From a comparative philological and literary view, the contention that Brentano "fabricated almost all" the Emmerich material is exaggerated and false. Editorial work there certainly was, but Brentano's accounts agree with the basic picture of Emmerich found in the firsthand written accounts of Dr. Franz Wilhelm Wesener (Emmerich's medical doctor) and author Luisa Hensel. Moreover, as the internationally renowned and critically reserved Germanist Dr. Anton Brieger states, the Emmerich visions recorded by Brentano have all the marks of a woman's psychology and a feminine attention to detail. Additionally, Fr. Joseph Adam, the author of Emmerich's new official positio accepted by the Roman authorities, has demonstrated that the former charges made by Fr. Winfried Humpfner (whose activities led to the 1928 reponatur), namely that Brentano was guilty of wholesale fabrication, were "rabid attacks" against a pious Catholic, and were furthermore "hard and pre-emptory." Although recognizing at times their problematic nature and that they were adapted and edited, Adam nevertheless characterizes the Brentano Emmerich writings as exhibiting simultaneously "a deep piety and a solid ecclesiastical spirit."
Sinner states that before condemning her legitimacy, Emmerich's critics should first do diligence and conduct research, updating themselves on the most recent German, Latin, and Italian docuмents. He notes that she can be a polarizing figure--most likely because of the passage that is included below.
When it comes to visions, caution is understood. Not everyone can digest such material--just as not everyone can digest everything that comes off of this blog. I've already given my two cents about those who disregard prophecy and visions. But for those who have eyes to see and ears to hear, and who are capable of taking such information with the proper grain of salt, her account is truly intriguing, if not inspiring.

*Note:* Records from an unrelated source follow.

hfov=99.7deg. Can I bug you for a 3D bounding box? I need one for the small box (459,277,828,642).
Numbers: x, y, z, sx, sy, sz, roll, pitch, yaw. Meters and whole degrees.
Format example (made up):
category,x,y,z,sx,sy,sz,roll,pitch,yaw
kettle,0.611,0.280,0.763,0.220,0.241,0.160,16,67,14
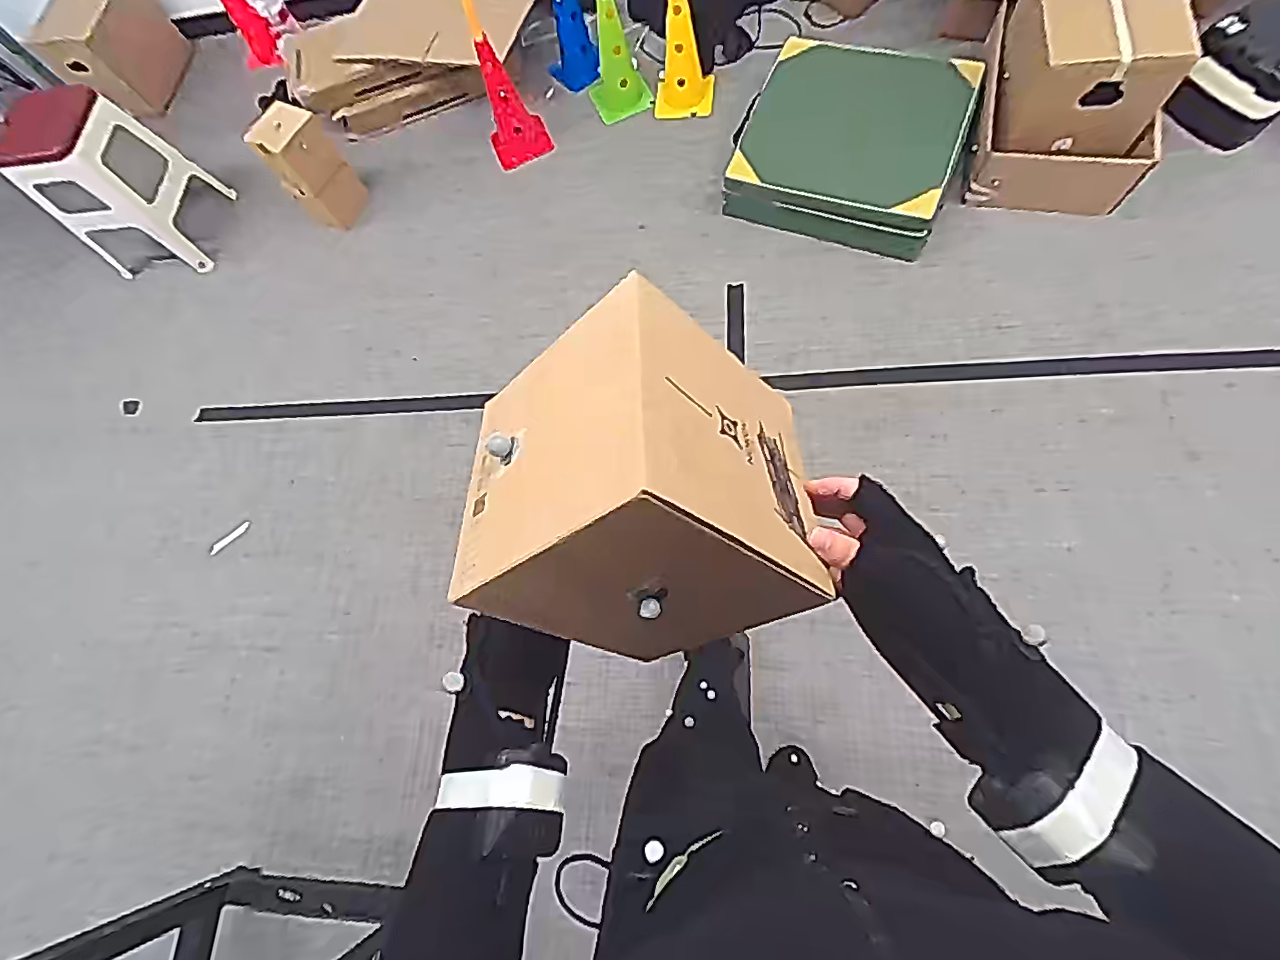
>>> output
category,x,y,z,sx,sy,sz,roll,pitch,yaw
small box,0.002,0.005,0.387,0.176,0.179,0.168,-31,45,34

And with that, I give you the vision of the Venerable Catherine Anne Emmerich. Her account of Noah and his children begins with Cain, the son of Adam and Eve. This vision takes place before the Deluge, and we are offered a window into the antediluvian world. It is interesting to note that when Cain is cursed by God for murdering Abel, his skin also turns dark.
CAIN. THE CHILDREN OF GOD. THE GIANTS
I saw that Cain conceived on Mount Olivet the design to murder Abel, After the deed, he wandered about the same spot frightened and distracted planting trees and tearing them up again. Then I saw a majestic Figure in the form of a man refulgent with light appear to him. ''Cain," He said, "where is thy brother Abel?" Cain did not at first see the Figure; but when he did, he turned and answered: "I know not. He has not been given in charge to me." But when God replied that Abel's blood cried to Him from the earth, Cain grew more troubled, and I saw that he disputed long with God. God told him that he should be cursed upon the earth, that it should bring forth no fruit for him, and that he should forthwith flee from the land in which he then dwelt. Cain responded that everywhere his fellow men would seek to kill him. There were already many people upon the earth. Cain was very old and had children. Abel also left children, and there were other brothers and sisters, the children of Adam. But God replied that it would not be so; that whoever should kill Cain should himself be punished sevenfold, and He placed a sign upon him that no one should slay him. Cain's posterity gradually became colored. Cham's children also were browner than those of Sem. The nobler races were always of a lighter color. They who were distinguished by a particular mark engendered children of the same stamp; and as corruption increased, the mark also increased until at last it covered the whole body, and people became darker and darker. But yet in the beginning there were no people perfectly black; they became so only by degrees.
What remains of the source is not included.